## WORK REQUEST
From the entries below, extract every line that includes the word "Input".
INFORMATION section start
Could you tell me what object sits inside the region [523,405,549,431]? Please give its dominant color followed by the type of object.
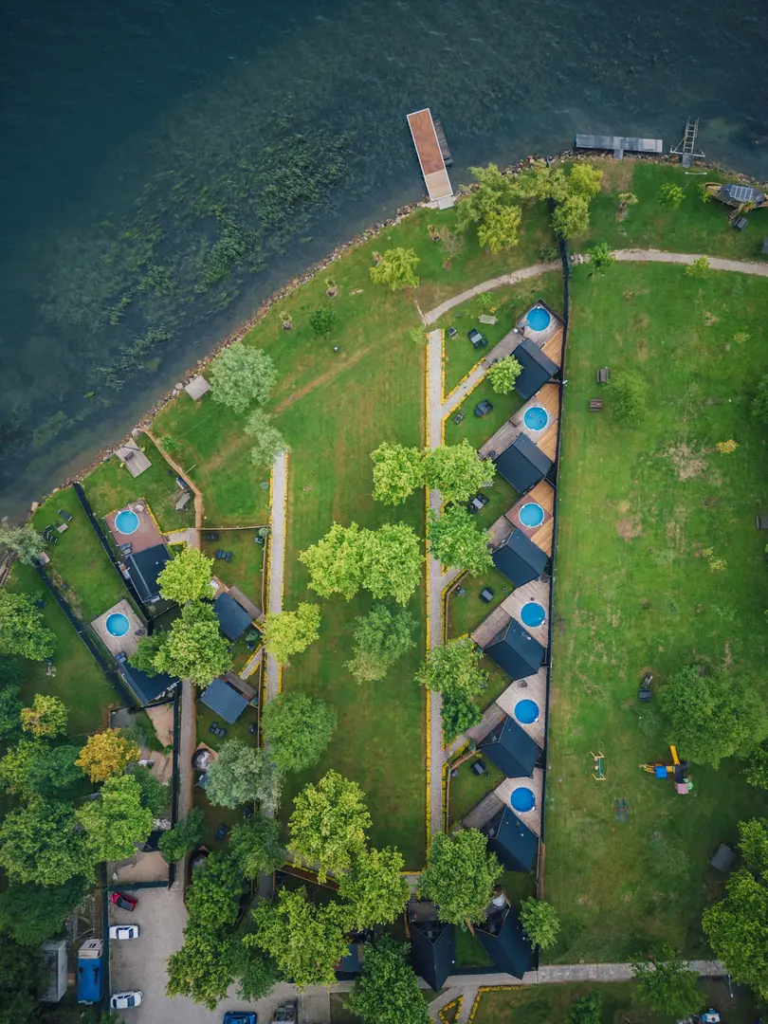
blue swimming pool
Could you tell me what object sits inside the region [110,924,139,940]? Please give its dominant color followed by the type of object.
white car
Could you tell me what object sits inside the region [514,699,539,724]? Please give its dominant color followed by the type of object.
blue swimming pool
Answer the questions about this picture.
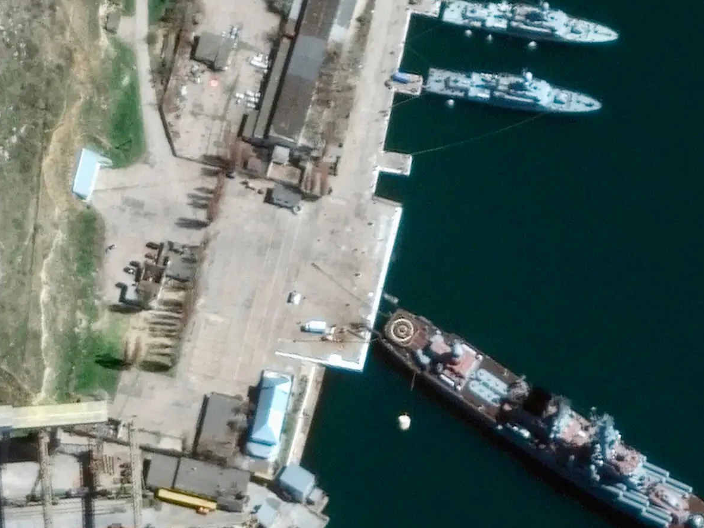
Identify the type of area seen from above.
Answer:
port
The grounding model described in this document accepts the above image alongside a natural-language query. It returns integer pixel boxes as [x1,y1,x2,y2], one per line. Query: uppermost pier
[411,0,441,19]
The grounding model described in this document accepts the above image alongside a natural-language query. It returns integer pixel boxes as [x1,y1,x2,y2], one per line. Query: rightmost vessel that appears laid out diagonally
[382,312,704,528]
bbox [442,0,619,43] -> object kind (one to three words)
ship
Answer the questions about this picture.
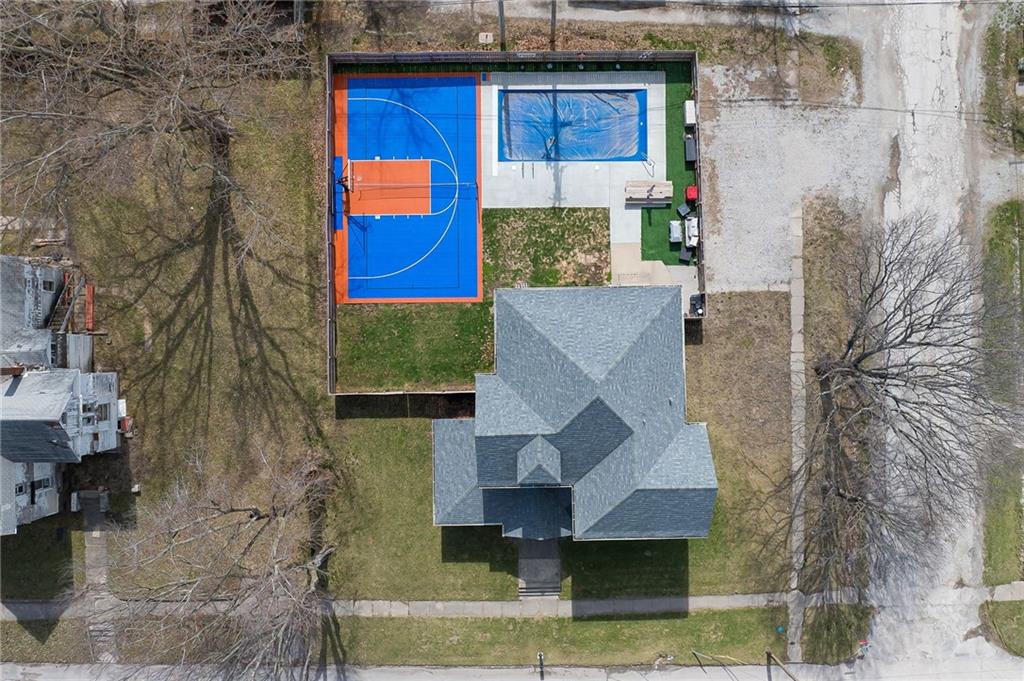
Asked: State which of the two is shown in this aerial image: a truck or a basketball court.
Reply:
basketball court
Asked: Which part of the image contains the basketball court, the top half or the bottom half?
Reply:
top
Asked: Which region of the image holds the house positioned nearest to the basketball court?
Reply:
center
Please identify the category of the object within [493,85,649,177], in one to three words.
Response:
swimming pool
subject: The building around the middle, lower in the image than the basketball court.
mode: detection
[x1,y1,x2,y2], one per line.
[432,285,718,541]
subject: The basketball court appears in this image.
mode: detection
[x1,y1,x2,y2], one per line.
[335,72,483,303]
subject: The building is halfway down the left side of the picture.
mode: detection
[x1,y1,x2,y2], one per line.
[0,259,120,537]
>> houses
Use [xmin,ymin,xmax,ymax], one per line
[0,259,120,537]
[432,285,718,541]
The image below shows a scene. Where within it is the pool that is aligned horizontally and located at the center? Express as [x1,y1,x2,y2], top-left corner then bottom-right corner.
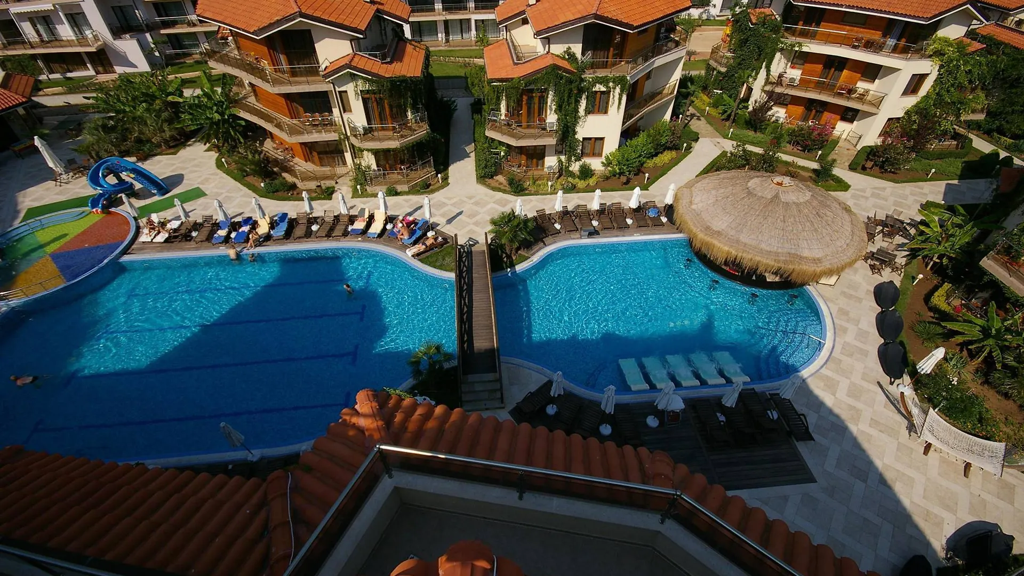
[0,237,825,459]
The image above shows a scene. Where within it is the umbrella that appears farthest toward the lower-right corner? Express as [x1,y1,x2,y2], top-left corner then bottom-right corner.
[910,349,944,384]
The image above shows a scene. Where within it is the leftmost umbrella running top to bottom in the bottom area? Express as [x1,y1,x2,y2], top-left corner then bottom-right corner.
[545,371,561,404]
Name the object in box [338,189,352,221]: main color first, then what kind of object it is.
white umbrella
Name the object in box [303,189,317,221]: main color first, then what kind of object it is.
white umbrella
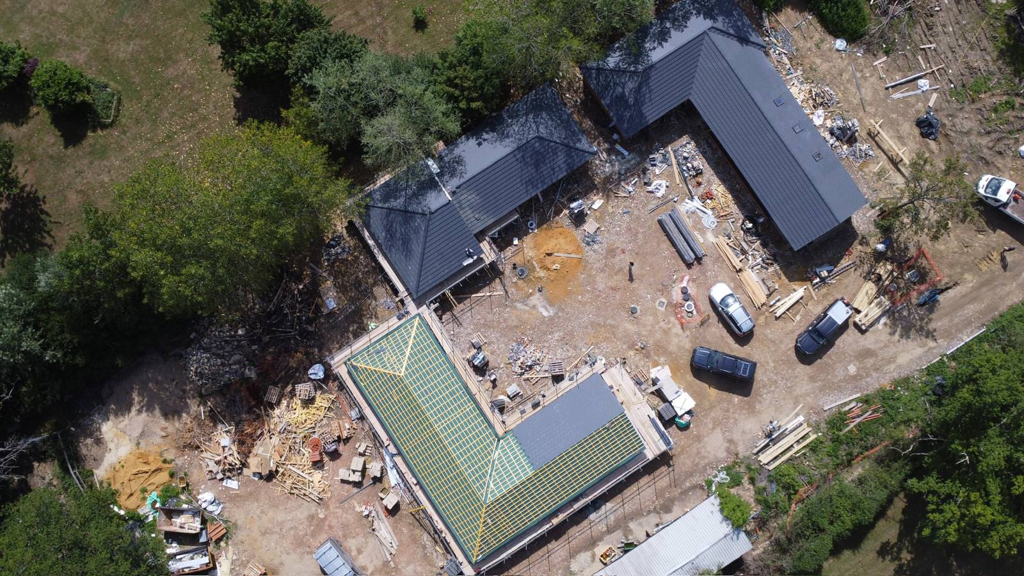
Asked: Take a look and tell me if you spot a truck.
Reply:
Yes
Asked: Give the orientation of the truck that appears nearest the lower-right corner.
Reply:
at an angle
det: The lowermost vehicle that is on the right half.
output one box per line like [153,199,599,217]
[688,348,759,384]
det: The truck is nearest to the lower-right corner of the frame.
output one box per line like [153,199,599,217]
[794,295,858,353]
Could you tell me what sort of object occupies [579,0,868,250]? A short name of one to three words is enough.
barn
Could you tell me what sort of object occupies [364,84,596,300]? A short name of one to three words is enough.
house
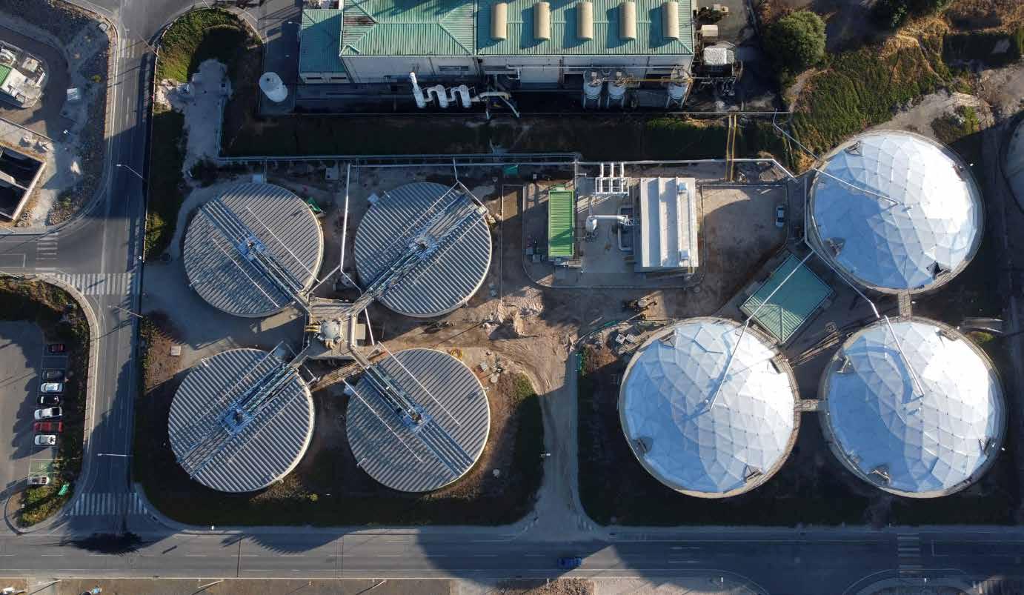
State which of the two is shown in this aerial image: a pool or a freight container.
freight container
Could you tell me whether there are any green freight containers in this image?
Yes
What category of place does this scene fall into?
industrial area
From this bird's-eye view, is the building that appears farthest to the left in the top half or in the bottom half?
top
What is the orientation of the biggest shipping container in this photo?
vertically
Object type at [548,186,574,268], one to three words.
shipping container
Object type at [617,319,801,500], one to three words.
storage tank
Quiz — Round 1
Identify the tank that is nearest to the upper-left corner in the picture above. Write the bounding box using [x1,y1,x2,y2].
[261,70,289,101]
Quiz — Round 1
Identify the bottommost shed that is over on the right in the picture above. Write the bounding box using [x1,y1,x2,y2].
[739,254,833,343]
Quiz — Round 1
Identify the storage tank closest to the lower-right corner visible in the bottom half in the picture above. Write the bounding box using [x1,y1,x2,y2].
[812,318,1007,500]
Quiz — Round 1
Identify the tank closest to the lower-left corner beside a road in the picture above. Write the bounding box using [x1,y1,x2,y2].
[168,344,318,495]
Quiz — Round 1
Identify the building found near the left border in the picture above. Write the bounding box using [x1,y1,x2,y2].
[0,36,45,108]
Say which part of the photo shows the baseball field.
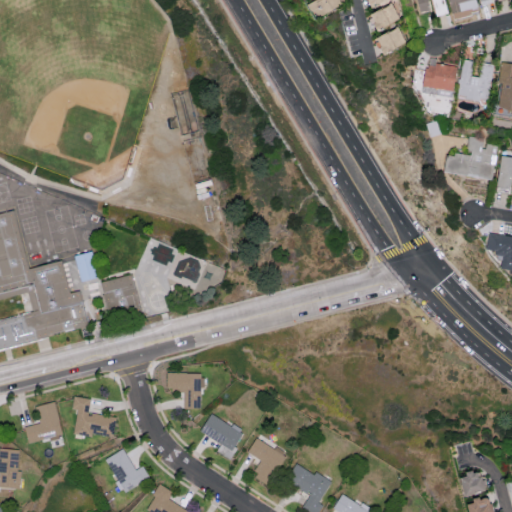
top left
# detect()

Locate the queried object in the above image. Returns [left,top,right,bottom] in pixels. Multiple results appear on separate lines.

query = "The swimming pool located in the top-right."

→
[456,99,486,116]
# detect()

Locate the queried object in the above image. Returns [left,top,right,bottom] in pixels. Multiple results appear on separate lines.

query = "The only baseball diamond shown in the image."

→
[0,0,167,189]
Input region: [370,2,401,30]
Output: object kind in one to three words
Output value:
house
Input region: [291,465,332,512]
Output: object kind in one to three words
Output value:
house
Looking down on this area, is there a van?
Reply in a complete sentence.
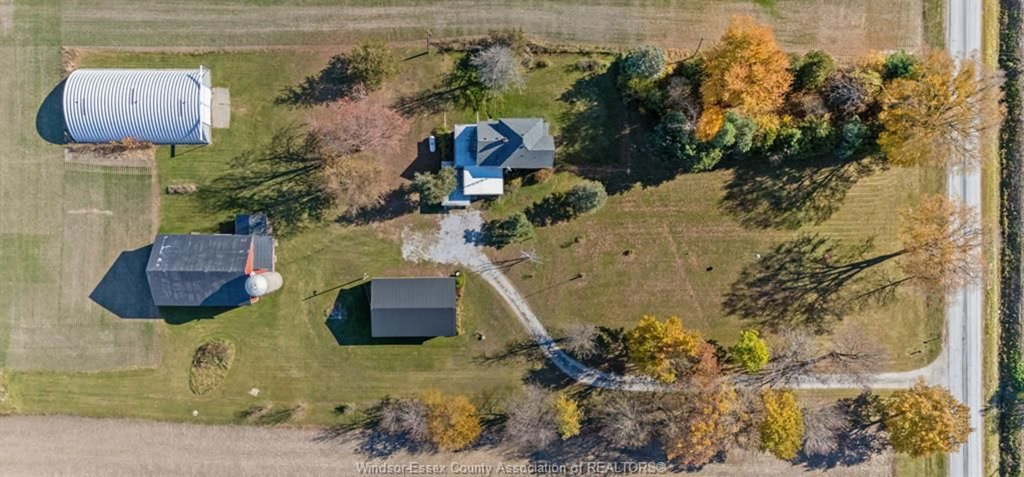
INFORMATION section end
## EXERCISE ANSWER
Input region: [370,2,401,30]
Input region: [291,465,332,512]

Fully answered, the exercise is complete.